Recém-chegado a Luanda, chamou-me a atenção desde o princípio a espontaneidade e a alegria das crianças. Morávamos então numa casa encravada num musseque na Ilha e elas sempre nos brindavam com seus sorrisos e seus "oi amigo, oi amiga" a cada vez que colocavámos os pés para fora de casa. Muitas viviam sujinhas, como referiu a Migas no post abaixo, o que nunca nos impediu de tocá-las ou de brincar com elas.
O que me intrigava mais, conforme ia conhecendo mais gente, era como aquelas crianças tão doces podiam se transformar em adultos tão egoístas, tão desconfiados de tudo e de todos.
Em que momento elas perderiam aquela alegria para transformarem-se nos motoristas irresponsáveis que arriscam a vida de todos no trânsito, nos desocupados sempre bêbados pedindo dinheiro nas ruas, nos cidadãos sem nenhuma preocupação com o próximo que furam as bichas e estacionam os carros trancando a saída dos outros?

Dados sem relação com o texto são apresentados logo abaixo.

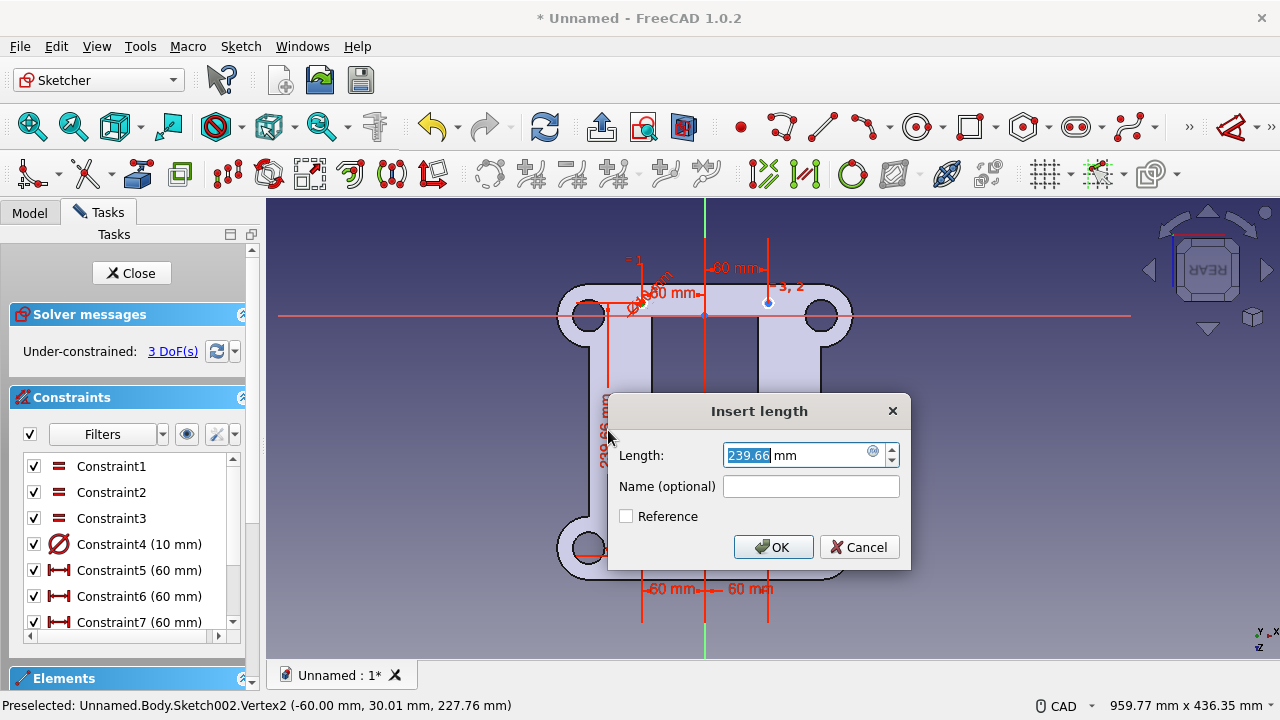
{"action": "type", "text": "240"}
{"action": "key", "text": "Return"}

Essa dúvida, em parte, foi desfeita por estas informações, que encontrei no Baía do Tigres, do Pedro Rosa Mendes. Elas fazem parte de estudos conjuntos realizados pelo Christian Children Fund e pelo UNICEF, entre 1995 e 1997, na província do Bié. O relatório, foi divulgado em outubro de 1998:
- 97% das crianças estiveram expostas a situações de guerra;
- 27% perderam os pais durante o conflito de 1992 a 1994 ;
- 89% estiveram expostas a bombardeamentos;
- 66% assistiram a explosões de minas;
- 66% viram pessoas a morrer ou a serem mortas;
Entre os rapazes:
- 10% participaram de combates;
- 33% sofreram ferimentos;
- 38% foram expostos a maus tratos.
A esperança reside, nas crianças que nasceram depois a guerra, como bem mostrou este post das Cenas Luandenses, do Diário da África.